I think it’s much more interesting to have a character like Darcy, because he is someone who is simply not communicative. He’s not good at using his language—almost a bit on the autism scale. Lizzy uses language well—but badly too, because she talks herself into prejudices, she has a sharp tongue, and she says things she only halfway means. “I talk a lot of nonsense,” she says. I wanted to create a world where these two people have an instant connection, and then spend the rest of the play fighting it—like Beatrice and Benedick in Much Ado, where we spend the whole play wanting these two people to get together.
For me, Pride and Prejudice is a story about how you know if you’ve met “the one.” Darcy comes around faster than Lizzy, who starts the play with “I’m never going to marry, that’s not for me.” She’s looking at the kind of bad marriage her parents are in. In life, though, there will be moments when you have to confront your own hypocrisy, when you’re about to do the thing you swore you wouldn’t do. She fights it almost to the end of the story.
I examine a lot of different marriages and matches in the play. But it’s Lizzy’s journey that tracks my own, to tell the truth, starting with “not for me” and “no, I don’t want to get involved”…and then finding how wonderful and terrible it is to fall in love despite that. [Hamill’s partner, actor/director Jason O’Connell, played Darcy to her Lizzy in the Hudson Valley P&P. O’Connell will direct a small-cast version of Cyrano de Bergerac at Amphibian Stage Productions early next year.]
WaterTower has a promotional video for Pride and Prejudice featuring a basketball-playing foursome: Lizzy, Darcy, Jane and Bingley—and I hear there’s a very strong game-playing theme running through the show. [Video trailer at the top of this story; and a “making of” video is at the bottom.]
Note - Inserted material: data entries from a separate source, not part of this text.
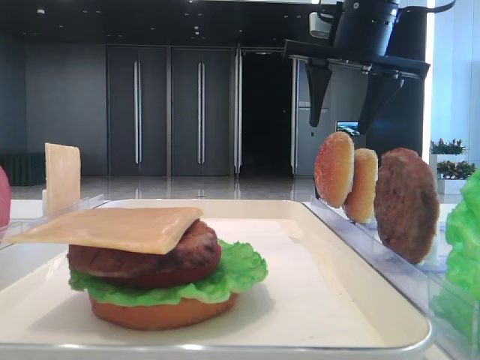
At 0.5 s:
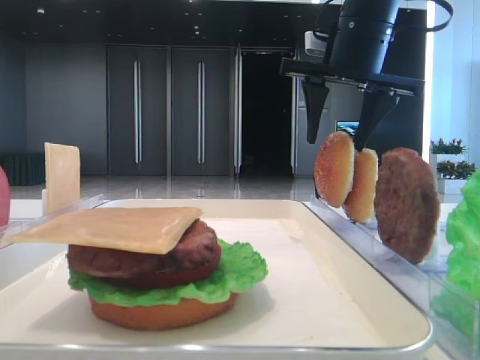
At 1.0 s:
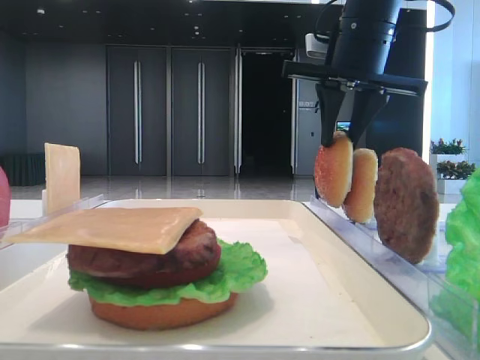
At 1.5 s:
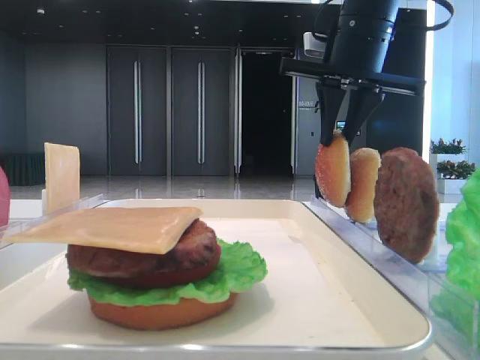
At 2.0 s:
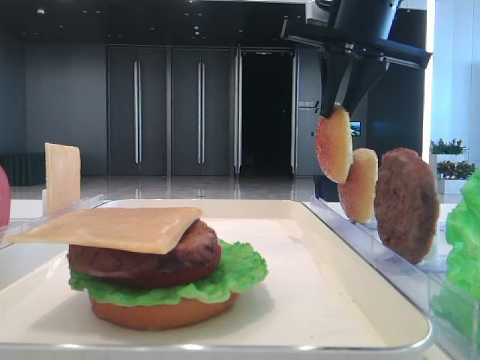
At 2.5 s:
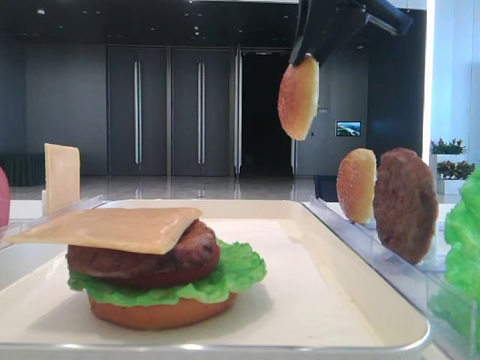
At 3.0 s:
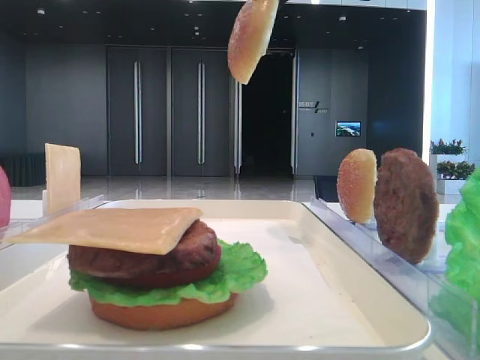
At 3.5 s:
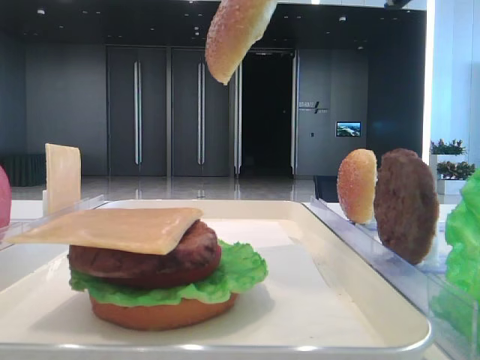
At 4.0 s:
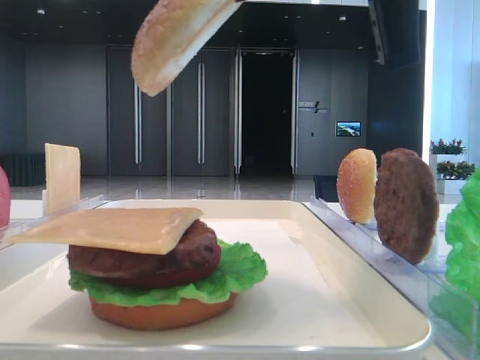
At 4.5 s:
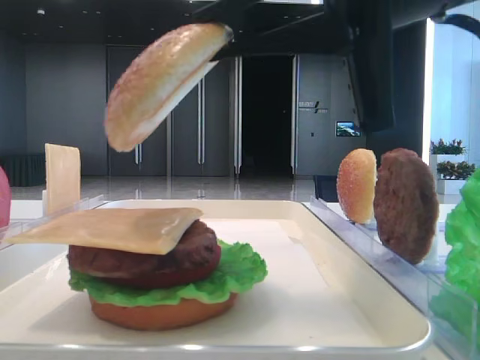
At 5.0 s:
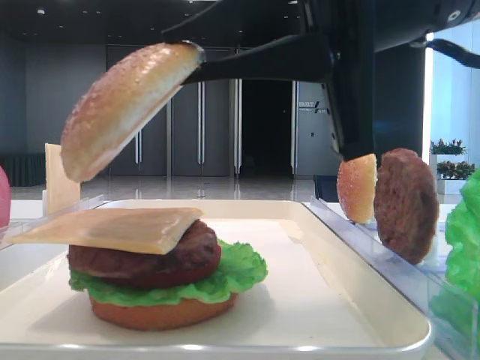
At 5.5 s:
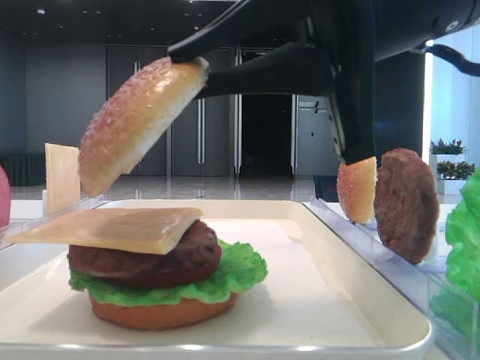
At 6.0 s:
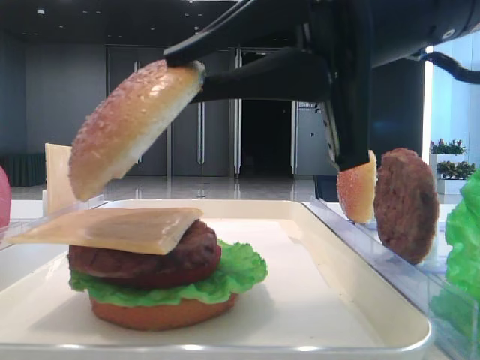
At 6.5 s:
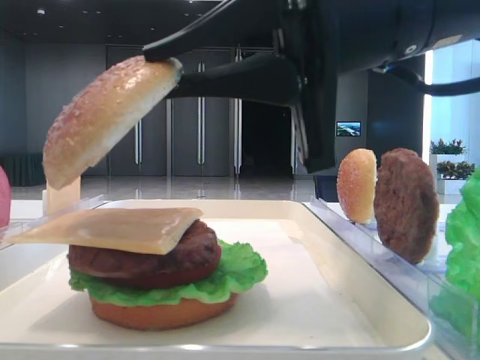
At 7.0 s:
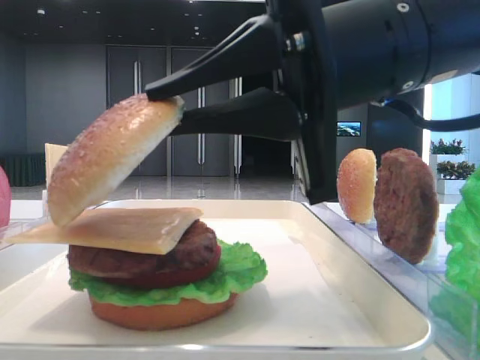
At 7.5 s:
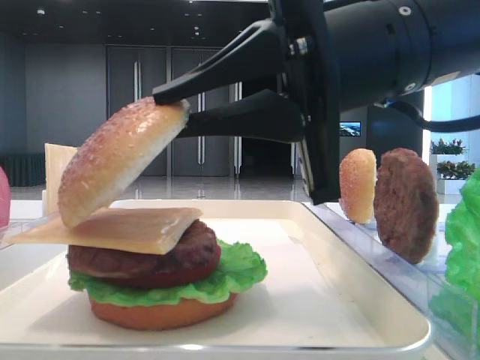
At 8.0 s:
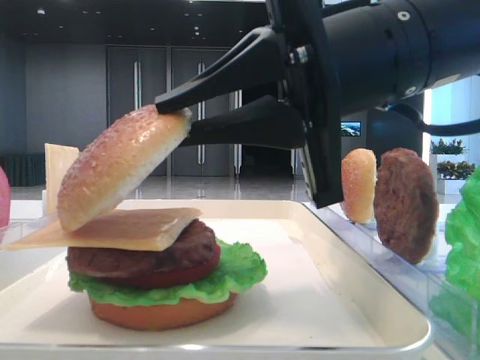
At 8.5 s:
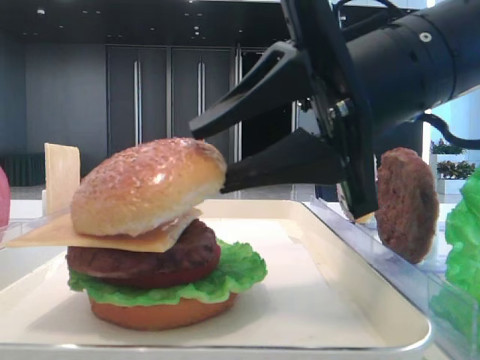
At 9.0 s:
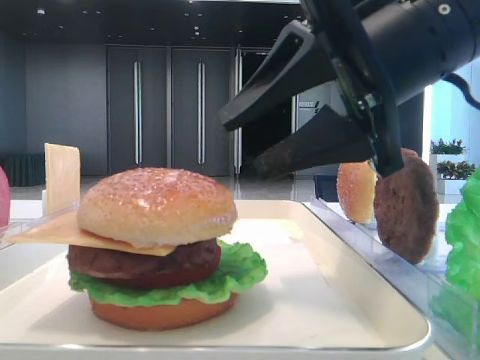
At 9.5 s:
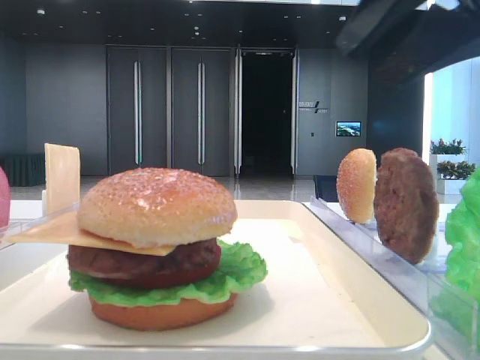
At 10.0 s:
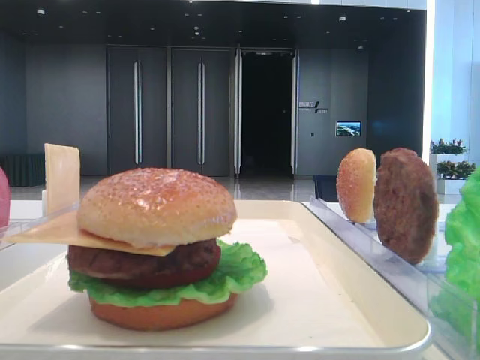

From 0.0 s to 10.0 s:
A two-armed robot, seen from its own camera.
Step, from 1.5 s to 8.5 s: Place the top bread slice on the cheese with the right hand.
From 0.0 s to 2.0 s: The right gripper closes up.
From 2.0 s to 4.0 s: The right gripper is displaced backward by approximately 20 cm.
From 4.0 s to 6.0 s: The right gripper goes approximately 5 cm downward.
From 6.0 s to 8.0 s: The grippers stay close to where they were, moving slightly.
From 8.0 s to 10.0 s: The right gripper heads to the right and upward, covering roughly 20 cm, and opens its fingers.

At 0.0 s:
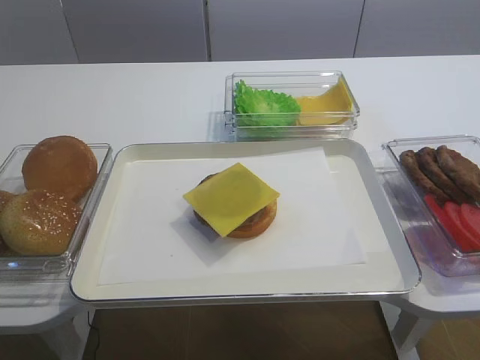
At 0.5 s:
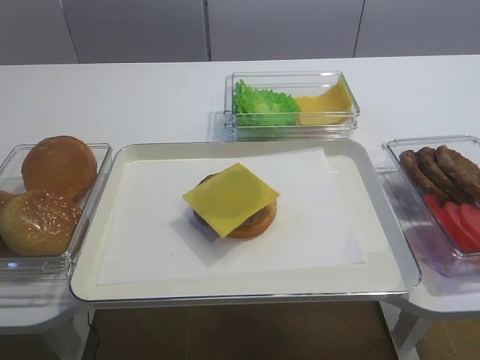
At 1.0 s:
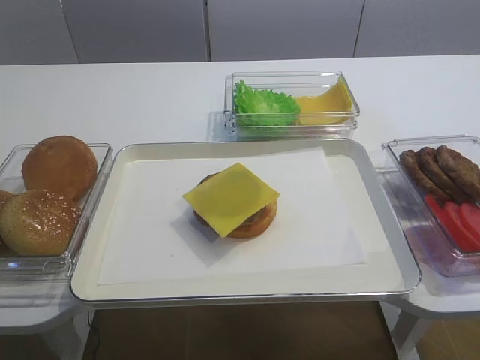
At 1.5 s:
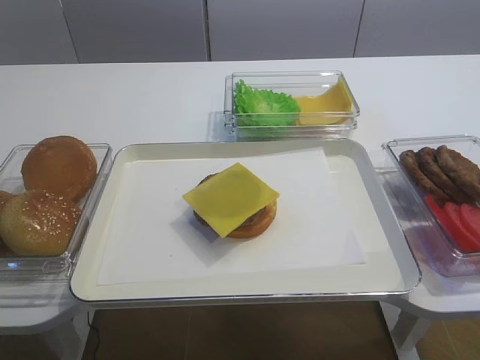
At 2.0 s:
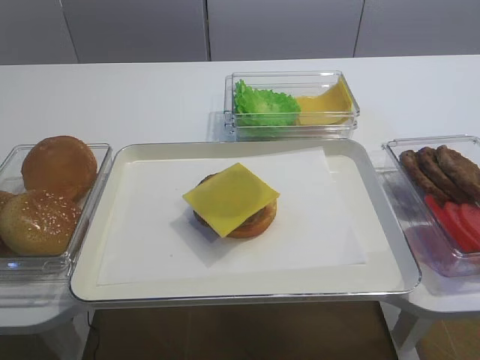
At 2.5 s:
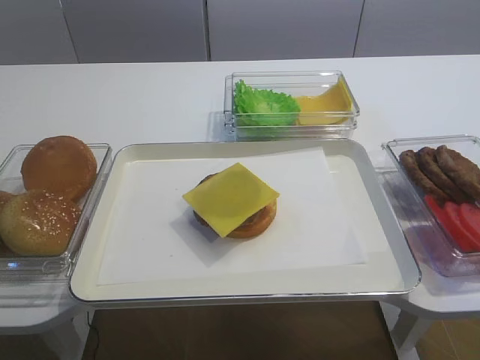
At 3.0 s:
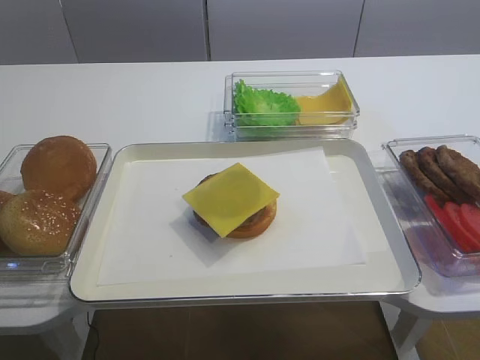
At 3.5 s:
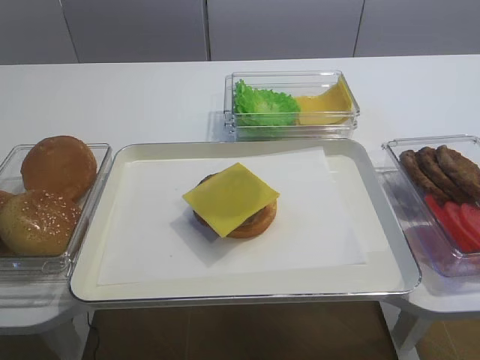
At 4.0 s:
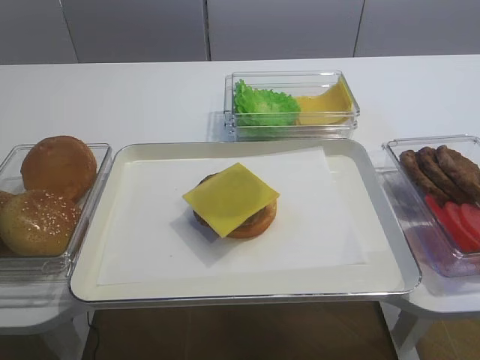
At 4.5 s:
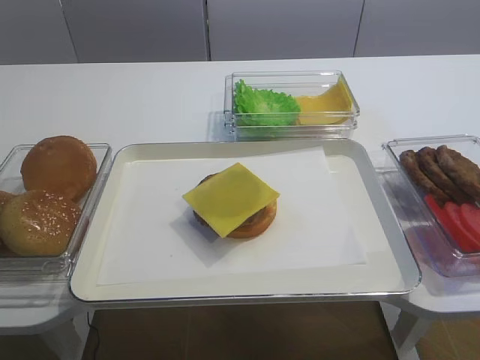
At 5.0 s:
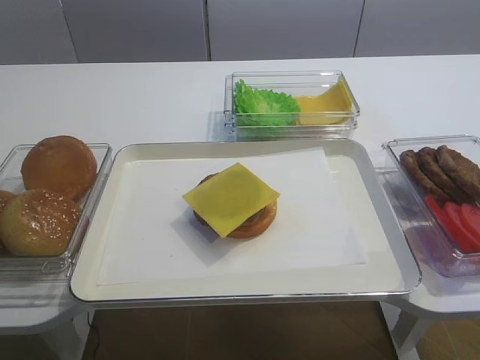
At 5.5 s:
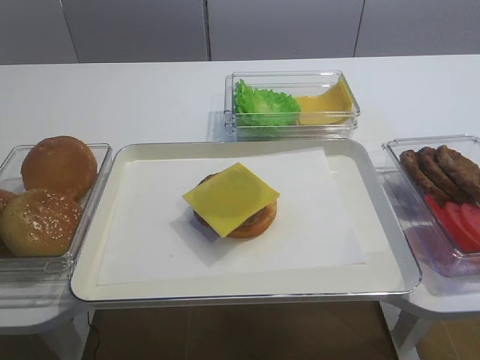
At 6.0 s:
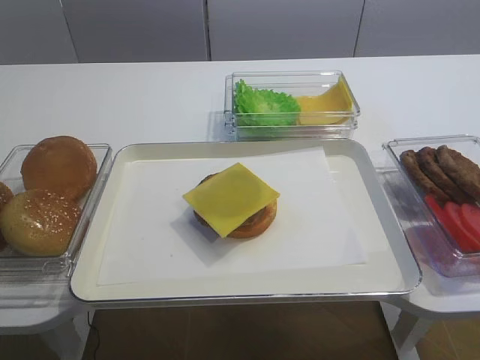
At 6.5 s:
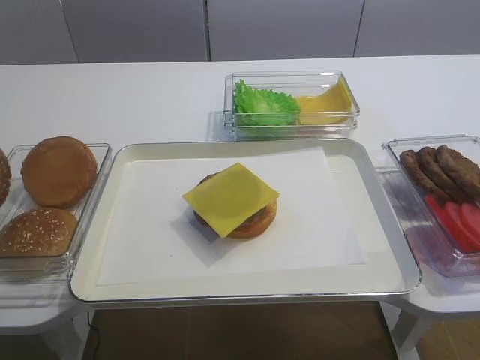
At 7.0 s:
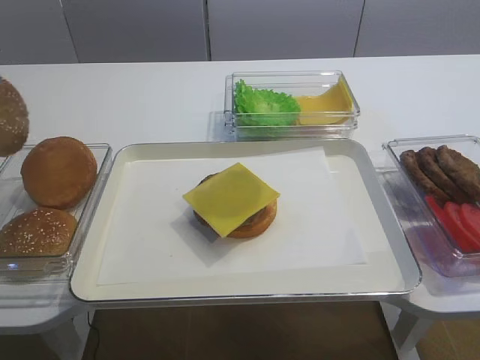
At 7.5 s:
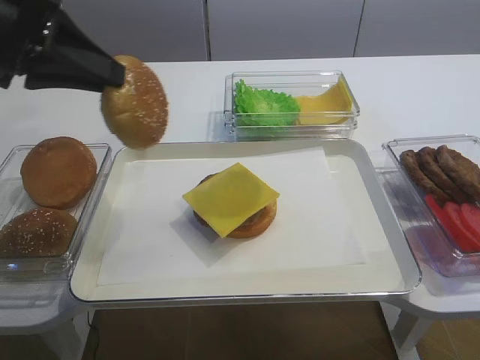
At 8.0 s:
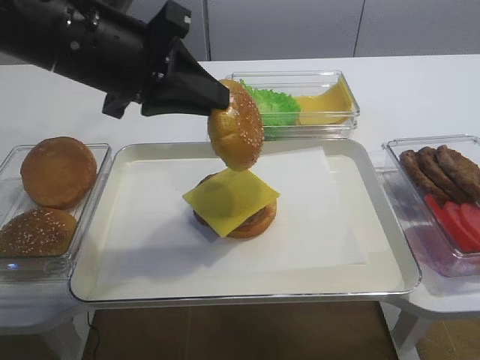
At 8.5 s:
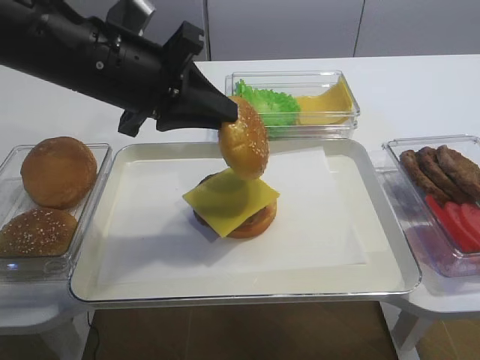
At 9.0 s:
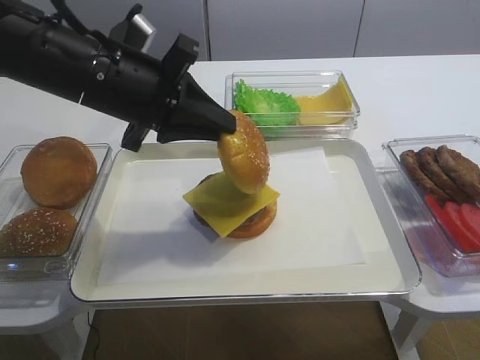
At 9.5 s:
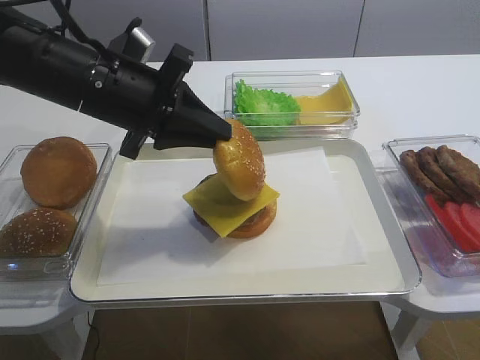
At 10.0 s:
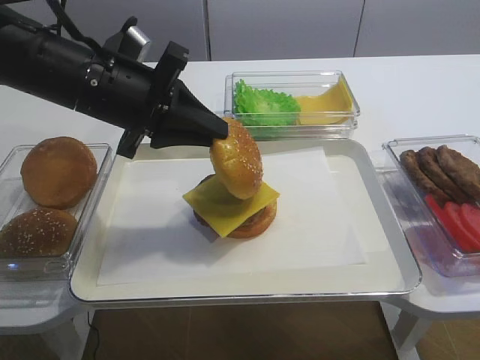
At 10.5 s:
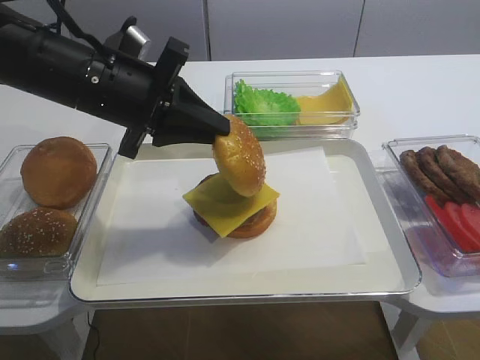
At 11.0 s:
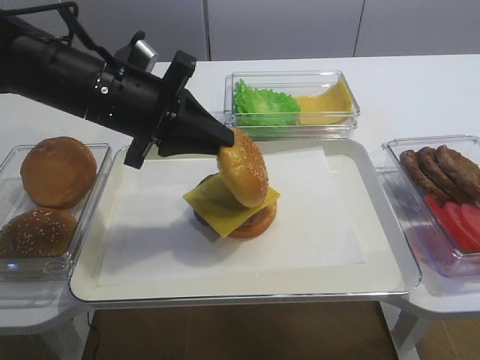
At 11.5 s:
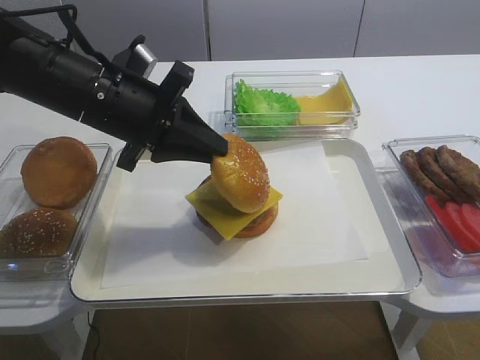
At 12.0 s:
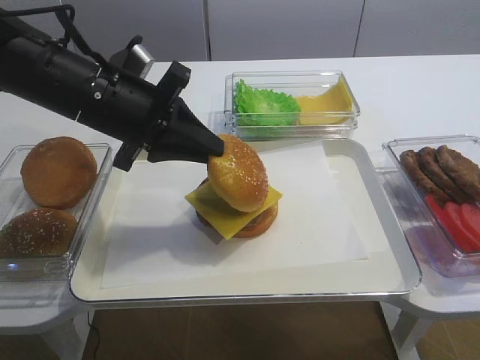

I did put game imagery all through the play; I’m really interested in the way we codify love as a game. Love is very serious, yet inherently a little bit silly—and we do tend to play it as something with rules, strategies, wins, losses. We even have books called The Game and The Rules, with plenty of advice: don’t call her until a certain number of days have passed, don’t kiss him on the first date, whatever. And the way we treat love as a game does tend to pit people against each other in a way that’s often broken down by gender. So I think that [battle of the sexes image] is very accurate.
In WTT’s production, the Persian rug that fills the stage floor has basketball court markings in the pattern. [The staging is tennis court-style, with the audience on two sides.]
I think that’s so cool! Joanie Schultz is the new artistic director at WaterTower, of course, and we’ve had a few conversations. But one of the best things about seeing [other companies’] productions is getting to watch how they make it their own. I am so sports illiterate it’s ridiculous, so I’m very excited to see what WaterTower does. That video is awesome!
There are a lot of sisters in the Austen adaptations you’ve done so far.
It’s funny, I feel like I’ve done two plays in a row with houses full of girls. I was just workshopping [her adaptation of] Little Women, and was saying to the cast that inter-female relationships have a very particular dynamic. Funny, though, I grew up with a whole lot of boys at my house.
The sisters in Sense and Sensibility are almost the central relationship. In Pride and Prejudice, it’s also all girls in the family—just like my sister’s house. My nieces are wonderful, full of life and intense love, and things can easily devolve into total chaos! The Bennett sisters have very divergent relationships: some of them really love each other, but there’s also love-hate, and sometimes just hate. And they’re all trapped as young adults under one roof.
The relationship between Jane and Lizzy Bennett, very much like the bond between Jane and her sister Cassandra Austen, is a key to the play. Lizzy is very cynical about romantic love for herself, but she has the highest hopes for Jane. And when Darcy stands in the way of Jane’s [marriage to Bingley], that’s what dooms him in Lizzy’s eyes, at least for a while.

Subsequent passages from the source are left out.